Pasaban los minutos en ese submarino ensordecedor y el temor dominante de caer en manos de Joe Martin fue reemplazado por la urgencia de volarme. No había comido en varios días, estaba deshidratada, con un torbellino en la cabeza y calambres en el estómago. Se me durmieron las manos y los pies, veía vertiginosas espirales de puntitos de colores, como una pesadilla de LSD. Perdí conciencia del tiempo, puede que hubiera pasado una hora o varias, no sé si dormí o si a ratos me desmayaba. Supongo que entraron y salieron empleados a lavar ropa, pero no me descubrieron. Por fin salí reptando fuera de mi escondite y con un esfuerzo enorme me puse de pie y eché a andar con piernas de plomo, apoyándome en la pared, mareada.
Afuera todavía era de día, debían de ser las seis o siete de la tarde, y la piscina estaba llena de gente. Era la hora más concurrida del club, cuando llegaban en masa los oficinistas. Era también la hora en que Joe Martin y el Chino debían prepararse para sus actividades nocturnas y lo más probable era que se hubieran ido. Me dejé caer en una de las sillas reclinables aspirando la bocanada de cloro que emanaba del agua, sin atreverme a una zambullida, porque debía estar lista para correr en caso de necesidad. Pedí un batido de fruta a un mesonero, maldiciendo entre dientes, porque sólo servían bebidas saludables, nada de alcohol, y lo cargué a mi cuenta. Me tomé dos sorbos de aquel líquido espeso, pero me pareció asqueroso y tuve que dejarlo. Era inútil seguir perdiendo tiempo y decidí arriesgarme a pasar frente a la recepción, con la esperanza de que el soplón que avisó a esos malvados ya no estuviese de turno. Tuve suerte y salí sin inconvenientes.

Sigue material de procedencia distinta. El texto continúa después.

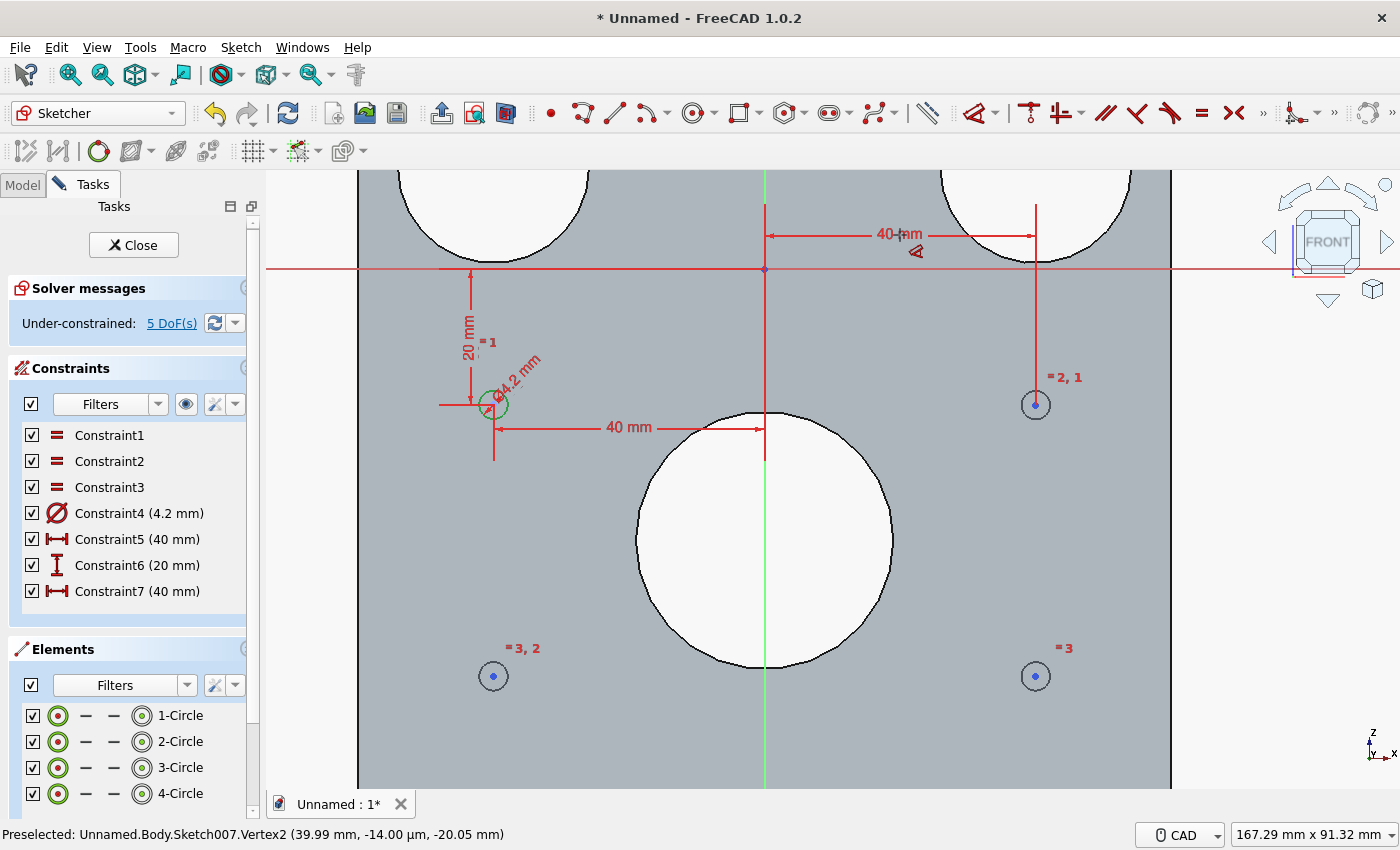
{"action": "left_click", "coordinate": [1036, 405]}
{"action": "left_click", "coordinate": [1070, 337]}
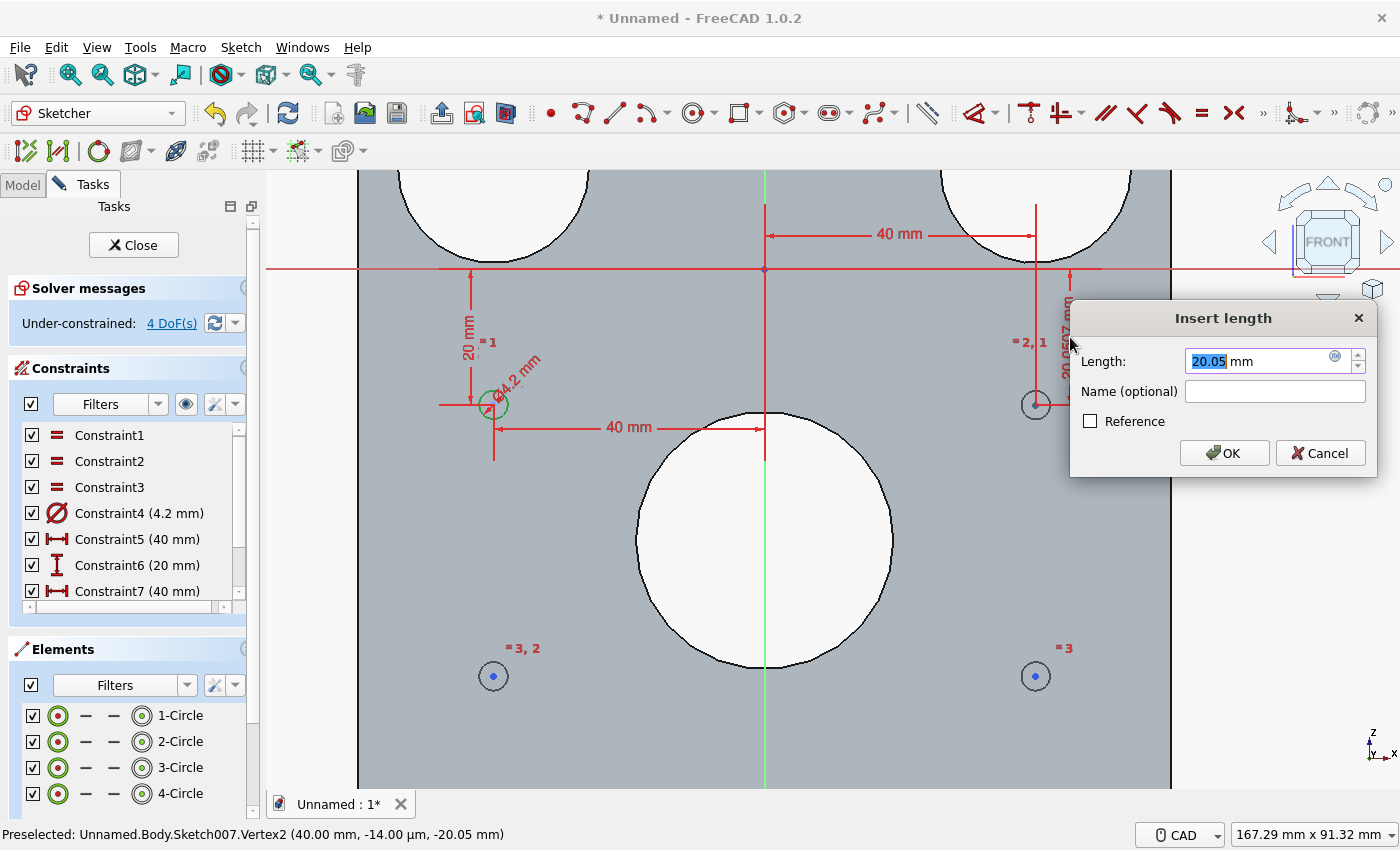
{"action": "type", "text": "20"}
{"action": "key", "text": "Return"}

Para alcanzar la calle debía cruzar el estacionamiento, que a esa hora estaba lleno de coches. Vi de lejos a un miembro del club, un cuarentón en buena forma, colocando su bolsa en el maletero, y me acerqué, colorada de humillación, a preguntarle si disponía de tiempo para invitarme a un trago. No sé de dónde saqué el valor. Sorprendido ante ese ataque frontal, el hombre se demoró un momento en clasificarme; si me había visto antes no me reconoció y yo no calzaba con su idea de una buscona. Me examinó de arriba abajo, se encogió de hombros, se subió al vehículo y se fue.
Yo había cometido muchas imprudencias en mi corta existencia, pero hasta ese momento no me había degradado de esa manera. Lo ocurrido con Fedgewick fue secuestro y violación, me pasó por incauta y no por descarada. Esto era diferente y tenía un nombre, que me negaba a pronunciar. Pronto noté a otro hombre, cincuenta o sesenta años, barriga, pantalones cortos, piernas blancas con venas azules, que caminaba hacia su auto, y lo seguí. Esta vez tuve más suerte… o menos suerte, no lo sé. Si ése también me hubiera rechazado, tal vez mi vida no se hubiera torcido tanto.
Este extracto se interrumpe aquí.